# Sunset Beach



## kevanna1959 (Apr 5, 2010)

does anyone know if there is any wild camping at sunset beach at the mo we are thinking of going there next week
We are also interested to know if we go to morocco do we have to take euros and find an exchange or do we have to find cash machines and if so are they readily available 
Could anyone advise of current return ferry prices
thanks ann


----------



## bognormike (May 10, 2005)

sunset beach where? :?


----------



## smithiesagain (Jan 8, 2012)

Ann, 

I have sent you a pm.....


----------



## bognormike (May 10, 2005)

So where is it, or is it a secret? :?


----------



## Hydrocell (Jan 29, 2011)

Hi Ann

Are you referring to the Sunset beach in Benalmadena, if so yes there is a free spot?

Coordinate are as follows

N36,34.887 W4,32.887 or n36,34'53.63" W4,32'08.09" or N36.581564 W4.535580.

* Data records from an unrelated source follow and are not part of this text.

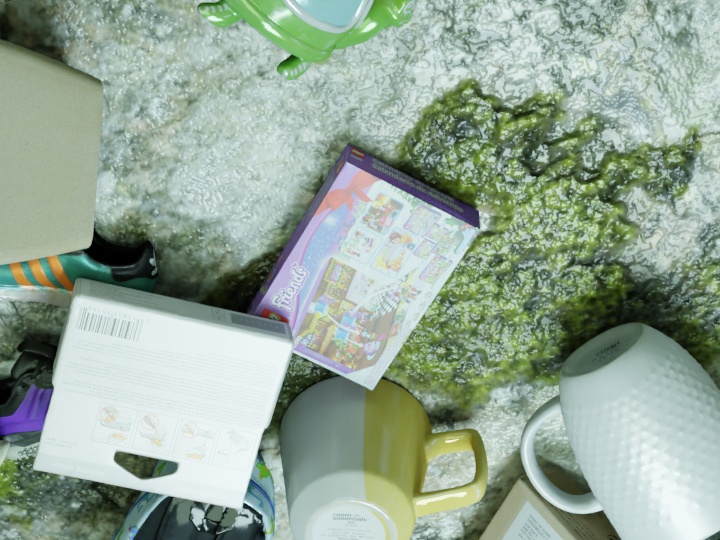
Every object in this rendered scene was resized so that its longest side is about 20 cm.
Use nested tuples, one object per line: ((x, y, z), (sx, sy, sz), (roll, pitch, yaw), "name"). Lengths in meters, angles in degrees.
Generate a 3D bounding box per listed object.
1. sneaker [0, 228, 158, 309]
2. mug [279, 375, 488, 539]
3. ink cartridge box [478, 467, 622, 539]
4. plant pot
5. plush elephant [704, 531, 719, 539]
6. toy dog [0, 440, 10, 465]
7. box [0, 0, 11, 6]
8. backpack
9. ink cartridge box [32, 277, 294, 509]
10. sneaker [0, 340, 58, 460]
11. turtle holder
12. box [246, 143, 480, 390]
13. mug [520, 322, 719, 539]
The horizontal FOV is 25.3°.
((-0.280, -0.015, 1.437), (0.200, 0.071, 0.080), (12, 117, -12), "sneaker")
((0.007, 0.190, 1.494), (0.186, 0.153, 0.149), (-37, 112, 20), "mug")
((0.197, 0.317, 1.539), (0.075, 0.200, 0.165), (-4, 130, -47), "ink cartridge box")
((-0.311, -0.093, 1.298), (0.177, 0.200, 0.200), (4, 91, -21), "plant pot")
((0.355, 0.317, 1.542), (0.200, 0.155, 0.165), (32, 147, -28), "plush elephant")
((-0.444, 0.163, 1.507), (0.200, 0.194, 0.140), (34, 88, -6), "toy dog")
((-0.325, -0.307, 1.282), (0.039, 0.041, 0.200), (-20, 118, 13), "box")
((-0.160, 0.255, 1.556), (0.163, 0.154, 0.200), (20, 137, -5), "backpack")
((-0.179, 0.112, 1.444), (0.200, 0.045, 0.177), (13, 110, -14), "ink cartridge box")
((-0.275, 0.103, 1.501), (0.200, 0.070, 0.100), (-24, 114, 14), "sneaker")
((-0.037, -0.233, 1.258), (0.185, 0.141, 0.132), (41, 112, -18), "turtle holder")
((0.000, 0.000, 1.449), (0.137, 0.039, 0.200), (26, 118, -13), "box")
((0.242, 0.154, 1.472), (0.200, 0.148, 0.176), (-26, 103, 25), "mug")
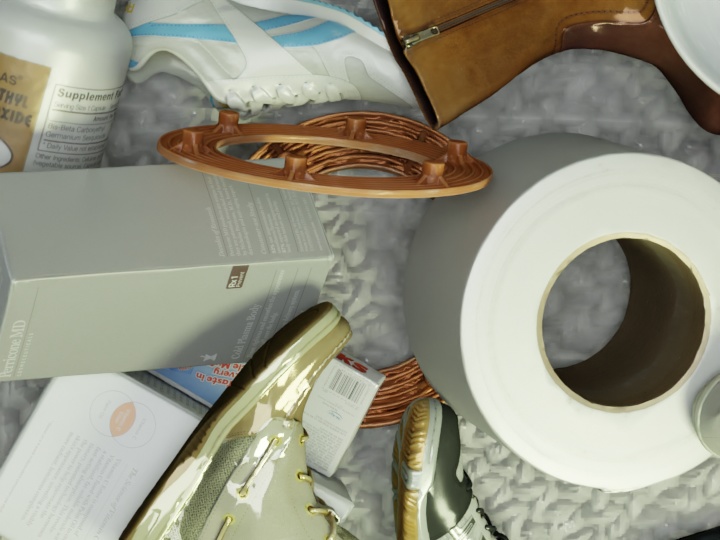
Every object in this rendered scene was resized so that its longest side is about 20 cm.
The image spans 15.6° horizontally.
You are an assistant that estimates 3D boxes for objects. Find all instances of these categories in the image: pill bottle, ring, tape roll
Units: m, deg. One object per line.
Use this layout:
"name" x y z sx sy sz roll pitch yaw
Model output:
"pill bottle" -0.201 -0.120 1.595 0.114 0.114 0.201 17 105 -2
"ring" 0.000 0.000 1.665 0.200 0.019 0.201 0 91 -1
"ring" -0.020 -0.072 1.551 0.200 0.200 0.019 6 102 -2
"tape roll" 0.138 0.021 1.596 0.202 0.139 0.204 -2 97 -14

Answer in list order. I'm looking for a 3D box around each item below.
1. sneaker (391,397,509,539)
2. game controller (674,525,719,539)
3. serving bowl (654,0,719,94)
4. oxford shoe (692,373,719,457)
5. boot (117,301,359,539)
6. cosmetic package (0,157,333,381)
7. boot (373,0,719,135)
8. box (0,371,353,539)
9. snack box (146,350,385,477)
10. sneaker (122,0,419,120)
"sneaker" 0.066 0.174 1.656 0.087 0.076 0.201 -4 105 -3
"game controller" 0.251 0.262 1.685 0.104 0.042 0.201 -16 93 -15
"serving bowl" 0.275 -0.185 1.584 0.199 0.066 0.201 0 88 9
"oxford shoe" 0.287 0.053 1.541 0.200 0.058 0.075 -30 106 -13
"boot" -0.030 0.134 1.554 0.154 0.072 0.200 37 95 -4
"cosmetic package" -0.129 -0.001 1.553 0.199 0.107 0.090 -8 55 -22
"boot" 0.126 -0.136 1.607 0.200 0.068 0.189 -27 92 -25
"box" -0.121 0.143 1.632 0.200 0.097 0.125 30 91 -4
"snack box" -0.087 0.048 1.645 0.200 0.024 0.072 30 111 6
"sneaker" -0.052 -0.129 1.635 0.199 0.077 0.081 17 81 7

All three coordinate take you to the same spot behind the Sunset beach Hotel, you may park any ware apart from the hotel car park which can be plainly seen.

Regards
Ray


----------



## tonka (Apr 24, 2006)

kevanna1959 said:


> does anyone know if there is any wild camping at sunset beach at the mo we are thinking of going there next week
> We are also interested to know if we go to morocco do we have to take euros and find an exchange or do we have to find cash machines and if so are they readily available
> Could anyone advise of current return ferry prices
> thanks ann


Ref Morocco... Ferry ticket open return is currently €200 from Carlos next to Lidl at Algerciras. You need cash as payment.
At Tangier med port there are a couple of money changers after you clear the customs. They take euros and sterling. As far as i know there are ATM machines in the main building ..
We have friends over there now so info is up to date.. 
Meeting with a group of others from another forum soon to make the crossing mid January...


----------